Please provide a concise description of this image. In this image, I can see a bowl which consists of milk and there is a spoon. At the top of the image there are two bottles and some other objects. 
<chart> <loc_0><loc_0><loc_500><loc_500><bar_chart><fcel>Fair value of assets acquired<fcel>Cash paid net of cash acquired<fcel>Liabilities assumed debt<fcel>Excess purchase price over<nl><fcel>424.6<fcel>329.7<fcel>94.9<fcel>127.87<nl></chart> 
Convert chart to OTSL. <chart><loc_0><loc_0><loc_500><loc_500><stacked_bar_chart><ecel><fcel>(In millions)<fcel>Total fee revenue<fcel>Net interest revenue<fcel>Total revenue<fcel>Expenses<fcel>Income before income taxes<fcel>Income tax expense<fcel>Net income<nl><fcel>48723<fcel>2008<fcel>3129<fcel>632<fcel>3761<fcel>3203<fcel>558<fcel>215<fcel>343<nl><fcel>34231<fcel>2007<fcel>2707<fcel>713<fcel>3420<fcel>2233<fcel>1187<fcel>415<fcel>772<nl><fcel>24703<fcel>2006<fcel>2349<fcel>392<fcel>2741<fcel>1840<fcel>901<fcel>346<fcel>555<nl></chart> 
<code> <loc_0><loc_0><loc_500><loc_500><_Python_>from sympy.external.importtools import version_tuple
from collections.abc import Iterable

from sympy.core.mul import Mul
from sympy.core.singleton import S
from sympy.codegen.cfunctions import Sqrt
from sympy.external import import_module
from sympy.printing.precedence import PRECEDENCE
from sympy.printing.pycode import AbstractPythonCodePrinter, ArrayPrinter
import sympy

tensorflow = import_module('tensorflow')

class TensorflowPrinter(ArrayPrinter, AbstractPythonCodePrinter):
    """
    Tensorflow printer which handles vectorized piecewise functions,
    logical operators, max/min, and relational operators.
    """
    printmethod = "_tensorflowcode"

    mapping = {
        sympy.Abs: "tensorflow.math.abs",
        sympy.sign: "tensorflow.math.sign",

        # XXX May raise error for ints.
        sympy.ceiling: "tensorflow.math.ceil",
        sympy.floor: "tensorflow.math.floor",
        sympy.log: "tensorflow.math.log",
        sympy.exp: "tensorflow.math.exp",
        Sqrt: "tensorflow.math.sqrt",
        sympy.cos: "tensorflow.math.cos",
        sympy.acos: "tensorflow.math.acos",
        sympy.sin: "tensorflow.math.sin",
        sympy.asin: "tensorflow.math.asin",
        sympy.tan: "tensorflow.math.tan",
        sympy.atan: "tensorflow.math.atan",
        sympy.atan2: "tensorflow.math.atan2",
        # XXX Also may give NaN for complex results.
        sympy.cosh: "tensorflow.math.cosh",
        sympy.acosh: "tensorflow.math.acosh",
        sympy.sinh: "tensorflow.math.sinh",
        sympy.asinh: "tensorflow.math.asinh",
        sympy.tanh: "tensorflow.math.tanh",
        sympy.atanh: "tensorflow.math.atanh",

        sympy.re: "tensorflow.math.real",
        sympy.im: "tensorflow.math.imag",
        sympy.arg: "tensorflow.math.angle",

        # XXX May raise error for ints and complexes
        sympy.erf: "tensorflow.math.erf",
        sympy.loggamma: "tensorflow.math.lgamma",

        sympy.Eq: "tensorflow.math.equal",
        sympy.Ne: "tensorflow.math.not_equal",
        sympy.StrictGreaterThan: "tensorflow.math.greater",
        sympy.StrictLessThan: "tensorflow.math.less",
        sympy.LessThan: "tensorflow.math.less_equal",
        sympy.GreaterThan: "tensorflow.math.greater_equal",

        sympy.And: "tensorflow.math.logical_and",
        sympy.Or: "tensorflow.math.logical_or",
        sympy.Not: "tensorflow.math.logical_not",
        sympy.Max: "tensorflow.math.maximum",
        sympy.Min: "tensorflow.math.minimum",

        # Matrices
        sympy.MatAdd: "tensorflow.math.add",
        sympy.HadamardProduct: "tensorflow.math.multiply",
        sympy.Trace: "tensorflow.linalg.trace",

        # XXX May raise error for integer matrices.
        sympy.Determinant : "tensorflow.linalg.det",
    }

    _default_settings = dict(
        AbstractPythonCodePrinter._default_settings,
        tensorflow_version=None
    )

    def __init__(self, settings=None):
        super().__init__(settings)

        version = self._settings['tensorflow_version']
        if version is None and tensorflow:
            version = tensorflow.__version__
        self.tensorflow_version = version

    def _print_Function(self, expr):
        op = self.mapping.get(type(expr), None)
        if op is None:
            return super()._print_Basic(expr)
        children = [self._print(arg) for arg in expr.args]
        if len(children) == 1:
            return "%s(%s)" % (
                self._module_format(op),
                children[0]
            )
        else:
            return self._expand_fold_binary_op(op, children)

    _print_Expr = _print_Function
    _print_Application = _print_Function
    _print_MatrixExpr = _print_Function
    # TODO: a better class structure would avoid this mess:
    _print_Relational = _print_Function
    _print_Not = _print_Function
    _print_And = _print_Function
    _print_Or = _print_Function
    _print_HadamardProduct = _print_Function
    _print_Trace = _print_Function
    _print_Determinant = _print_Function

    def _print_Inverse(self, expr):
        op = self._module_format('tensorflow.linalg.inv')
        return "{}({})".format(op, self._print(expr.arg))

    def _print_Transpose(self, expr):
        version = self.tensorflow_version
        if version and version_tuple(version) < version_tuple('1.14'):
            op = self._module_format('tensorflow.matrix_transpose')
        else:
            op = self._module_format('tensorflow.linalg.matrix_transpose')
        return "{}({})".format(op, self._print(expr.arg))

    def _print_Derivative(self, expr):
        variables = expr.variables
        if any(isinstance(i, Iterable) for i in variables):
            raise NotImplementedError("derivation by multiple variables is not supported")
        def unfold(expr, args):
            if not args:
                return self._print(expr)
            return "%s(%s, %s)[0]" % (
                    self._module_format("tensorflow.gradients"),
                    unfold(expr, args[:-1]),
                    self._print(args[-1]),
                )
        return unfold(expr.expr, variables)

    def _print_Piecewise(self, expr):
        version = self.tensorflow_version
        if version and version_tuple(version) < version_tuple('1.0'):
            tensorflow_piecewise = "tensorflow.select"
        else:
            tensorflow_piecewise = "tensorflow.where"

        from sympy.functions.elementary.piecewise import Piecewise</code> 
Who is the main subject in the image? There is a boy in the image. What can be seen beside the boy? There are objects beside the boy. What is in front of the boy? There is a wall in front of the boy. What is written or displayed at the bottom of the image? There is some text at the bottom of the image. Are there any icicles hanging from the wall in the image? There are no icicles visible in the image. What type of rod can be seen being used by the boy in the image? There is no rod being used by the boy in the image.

### ACTIVITY
Find how many lines in the entries above use the word "variables". Write the number alone.

### ANSWER FOR THE TASK
4